- Ethereum Foundation anuncia apoio financeiro a Roman Storm
- Cofundador do Tornado Cash recorre de veredito nos EUA
- Comunidade cripto defende liberdade para desenvolver softwares
A Ethereum Foundation anunciou que destinará até US$ 500 mil para auxiliar na defesa jurídica de Roman Storm, cofundador do Tornado Cash. O anúncio foi feito no X, perfil oficial mantido pela fundação, com a mensagem: “Privacidade é normal, e escrever código não é crime”. Vitalik Buterin, cofundador da Ethereum, também compartilhou a publicação.
The EF is donating $500K to the legal defense of Roman Storm, and we will match up to a further $750K in donations from the community.
Privacy is normal, and writing code is not a crime.
— Ethereum Foundation (@ethereumfndn) June 13, 2025
Storm foi recentemente condenado por um júri de Nova York por operar um negócio de transferência de dinheiro sem licença. O júri, porém, não chegou a um consenso sobre as acusações de lavagem de dinheiro e violações de sanções. A defesa, liderada pelo advogado Brian Klein, já se prepara para recorrer da decisão.
Em 2023, Storm foi formalmente acusado de conspiração para lavagem de dinheiro e descumprimento de sanções relacionadas à operação do Tornado Cash, um misturador de criptomoedas. De acordo com promotores, a plataforma teria facilitado mais de US$ 1 bilhão em transações ilícitas, incluindo milhões de dólares supostamente destinados ao grupo hacker norte-coreano Lazarus. Storm se declarou inocente de todas as acusações.
A Free Pertsev & Storm, organização criada para apoiar financeiramente a defesa dos cofundadores do Tornado Cash, alertou que Storm pode enfrentar até cinco anos de prisão caso o recurso não seja bem-sucedido, e até décadas se novas acusações forem apresentadas pelo governo dos EUA. “Precisaremos desses fundos e de mais para continuar a luta por Roman no tribunal de primeira instância e na apelação”, afirmou a entidade, destacando que o desfecho do caso pode criar um precedente importante para desenvolvedores em todo o mundo.

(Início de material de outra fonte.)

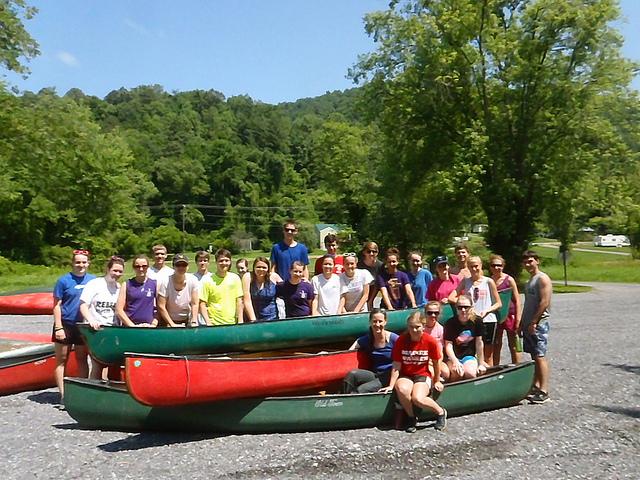How many people are in the picture?
Short answer required. 26. What kind of boats are these?
Write a very short answer. Canoes. How many boats are green?
Short answer required. 2.

Entidades e defensores da indústria cripto se manifestaram em apoio a Storm, argumentando que criar software para protocolos descentralizados e não custodiais não configura a operação de um serviço de transferência de dinheiro. “Estamos decepcionados que o júri não tenha reconhecido que Storm não deveria ser responsável pelas ações de terceiros que ele não podia controlar”, publicou o DeFi Education Fund. O grupo reiterou a importância de garantir liberdade para a criação de ferramentas financeiras descentralizadas, incluindo soluções voltadas à preservação da privacidade.